___ Input material

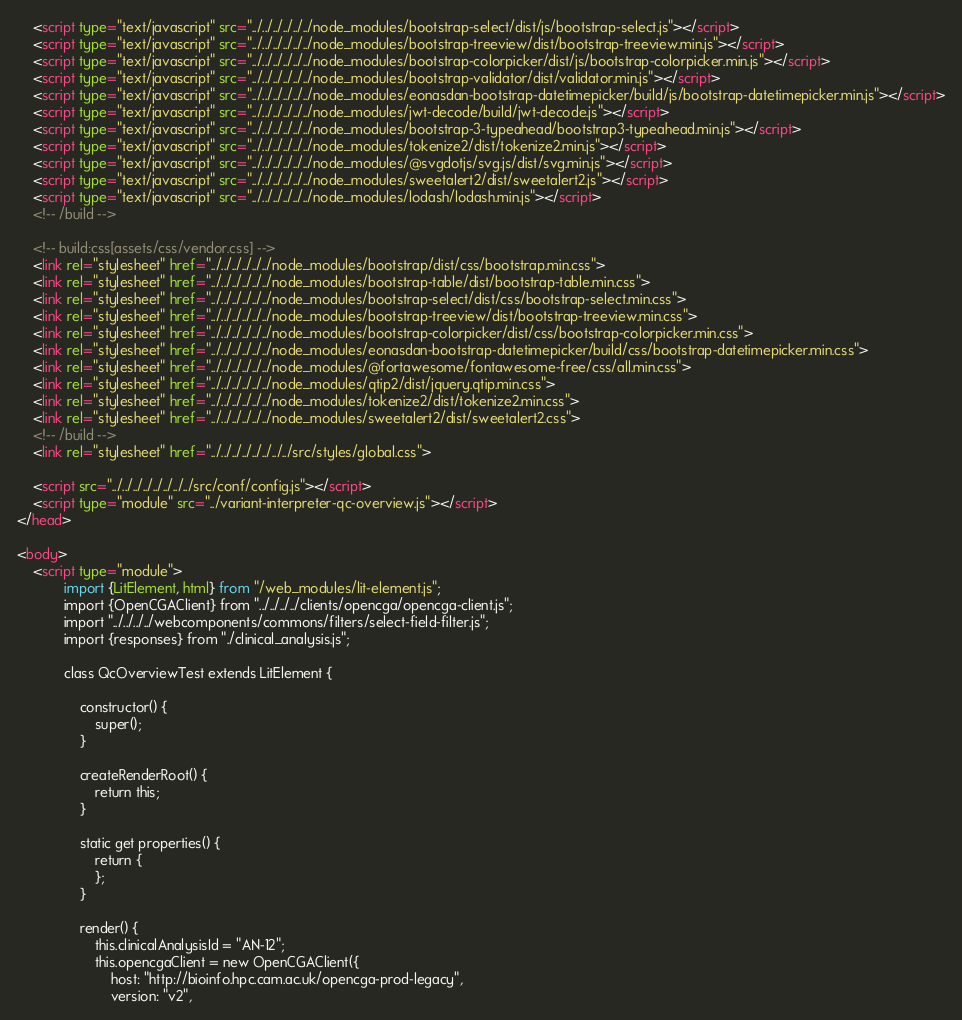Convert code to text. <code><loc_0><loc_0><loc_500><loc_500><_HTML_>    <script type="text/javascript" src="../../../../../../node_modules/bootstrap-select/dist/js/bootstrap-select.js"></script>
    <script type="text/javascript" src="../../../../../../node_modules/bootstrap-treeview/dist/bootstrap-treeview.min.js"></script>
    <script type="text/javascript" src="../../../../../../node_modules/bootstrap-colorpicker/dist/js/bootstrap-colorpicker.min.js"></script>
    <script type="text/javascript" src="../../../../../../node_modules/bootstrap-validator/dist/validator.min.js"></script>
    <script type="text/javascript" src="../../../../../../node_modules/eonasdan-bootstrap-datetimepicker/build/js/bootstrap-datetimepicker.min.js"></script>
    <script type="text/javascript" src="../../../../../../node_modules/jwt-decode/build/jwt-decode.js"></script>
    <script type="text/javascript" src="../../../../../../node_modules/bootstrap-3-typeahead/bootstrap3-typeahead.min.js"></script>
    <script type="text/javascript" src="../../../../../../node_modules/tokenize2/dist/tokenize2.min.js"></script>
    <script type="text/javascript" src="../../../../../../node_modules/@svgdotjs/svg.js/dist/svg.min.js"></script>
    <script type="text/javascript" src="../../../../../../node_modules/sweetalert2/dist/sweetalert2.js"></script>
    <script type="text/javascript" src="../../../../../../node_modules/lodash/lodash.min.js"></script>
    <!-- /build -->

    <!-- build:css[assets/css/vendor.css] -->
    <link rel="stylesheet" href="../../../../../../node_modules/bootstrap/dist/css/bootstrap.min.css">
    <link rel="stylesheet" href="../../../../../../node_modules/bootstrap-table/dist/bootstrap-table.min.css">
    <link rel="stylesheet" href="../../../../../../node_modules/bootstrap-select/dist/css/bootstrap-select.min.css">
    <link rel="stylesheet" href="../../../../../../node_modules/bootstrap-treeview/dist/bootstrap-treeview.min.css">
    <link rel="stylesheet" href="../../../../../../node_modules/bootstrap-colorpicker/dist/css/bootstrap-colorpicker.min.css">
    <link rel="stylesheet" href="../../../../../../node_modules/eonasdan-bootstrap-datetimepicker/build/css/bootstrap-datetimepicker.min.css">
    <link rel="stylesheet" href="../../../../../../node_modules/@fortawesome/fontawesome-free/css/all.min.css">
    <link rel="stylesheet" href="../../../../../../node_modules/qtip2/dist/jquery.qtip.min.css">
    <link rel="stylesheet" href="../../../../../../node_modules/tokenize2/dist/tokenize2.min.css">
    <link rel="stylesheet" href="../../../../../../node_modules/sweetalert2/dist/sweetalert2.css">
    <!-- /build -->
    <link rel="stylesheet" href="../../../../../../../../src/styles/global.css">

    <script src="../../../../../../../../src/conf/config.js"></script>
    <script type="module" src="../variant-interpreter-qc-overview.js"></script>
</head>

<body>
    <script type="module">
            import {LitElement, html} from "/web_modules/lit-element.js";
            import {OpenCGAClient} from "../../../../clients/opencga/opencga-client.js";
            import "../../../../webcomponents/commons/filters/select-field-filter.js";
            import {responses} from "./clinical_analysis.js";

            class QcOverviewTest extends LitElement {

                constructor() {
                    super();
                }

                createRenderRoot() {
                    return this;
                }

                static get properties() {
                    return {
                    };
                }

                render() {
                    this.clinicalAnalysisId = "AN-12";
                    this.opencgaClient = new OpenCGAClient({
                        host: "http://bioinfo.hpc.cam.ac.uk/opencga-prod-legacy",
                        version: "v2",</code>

______
___ Input material

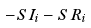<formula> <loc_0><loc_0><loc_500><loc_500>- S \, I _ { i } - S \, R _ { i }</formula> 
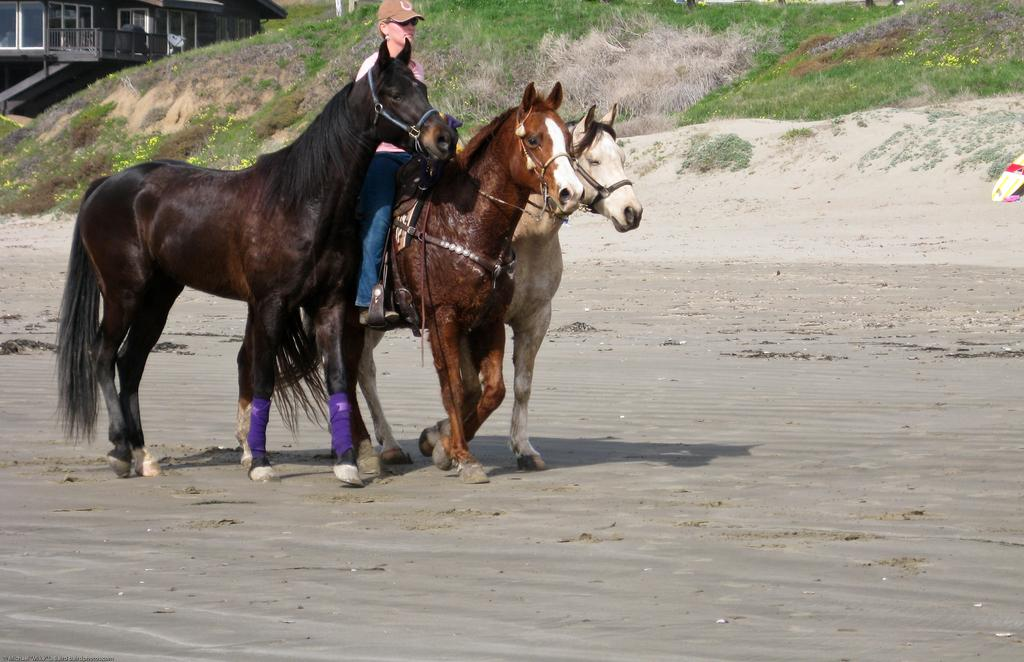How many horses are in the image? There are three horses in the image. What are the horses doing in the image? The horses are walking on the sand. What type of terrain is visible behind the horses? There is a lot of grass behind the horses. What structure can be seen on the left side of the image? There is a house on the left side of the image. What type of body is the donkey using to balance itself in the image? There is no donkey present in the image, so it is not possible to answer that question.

______
___ Input material

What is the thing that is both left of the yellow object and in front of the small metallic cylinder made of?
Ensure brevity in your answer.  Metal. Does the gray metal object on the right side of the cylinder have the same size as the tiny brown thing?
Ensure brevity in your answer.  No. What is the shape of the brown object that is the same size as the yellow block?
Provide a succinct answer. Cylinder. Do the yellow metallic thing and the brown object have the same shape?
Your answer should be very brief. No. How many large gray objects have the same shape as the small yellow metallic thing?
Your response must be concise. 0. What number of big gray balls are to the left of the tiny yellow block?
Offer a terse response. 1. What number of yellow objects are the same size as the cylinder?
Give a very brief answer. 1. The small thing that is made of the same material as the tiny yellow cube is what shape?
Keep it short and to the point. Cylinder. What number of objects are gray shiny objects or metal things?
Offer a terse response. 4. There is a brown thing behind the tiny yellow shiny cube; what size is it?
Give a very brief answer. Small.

______

Try it:
Starting from the records above, copy each line where the string "import" is found.

Result:
            import {LitElement, html} from "/web_modules/lit-element.js";
            import {OpenCGAClient} from "../../../../clients/opencga/opencga-client.js";
            import "../../../../webcomponents/commons/filters/select-field-filter.js";
            import {responses} from "./clinical_analysis.js";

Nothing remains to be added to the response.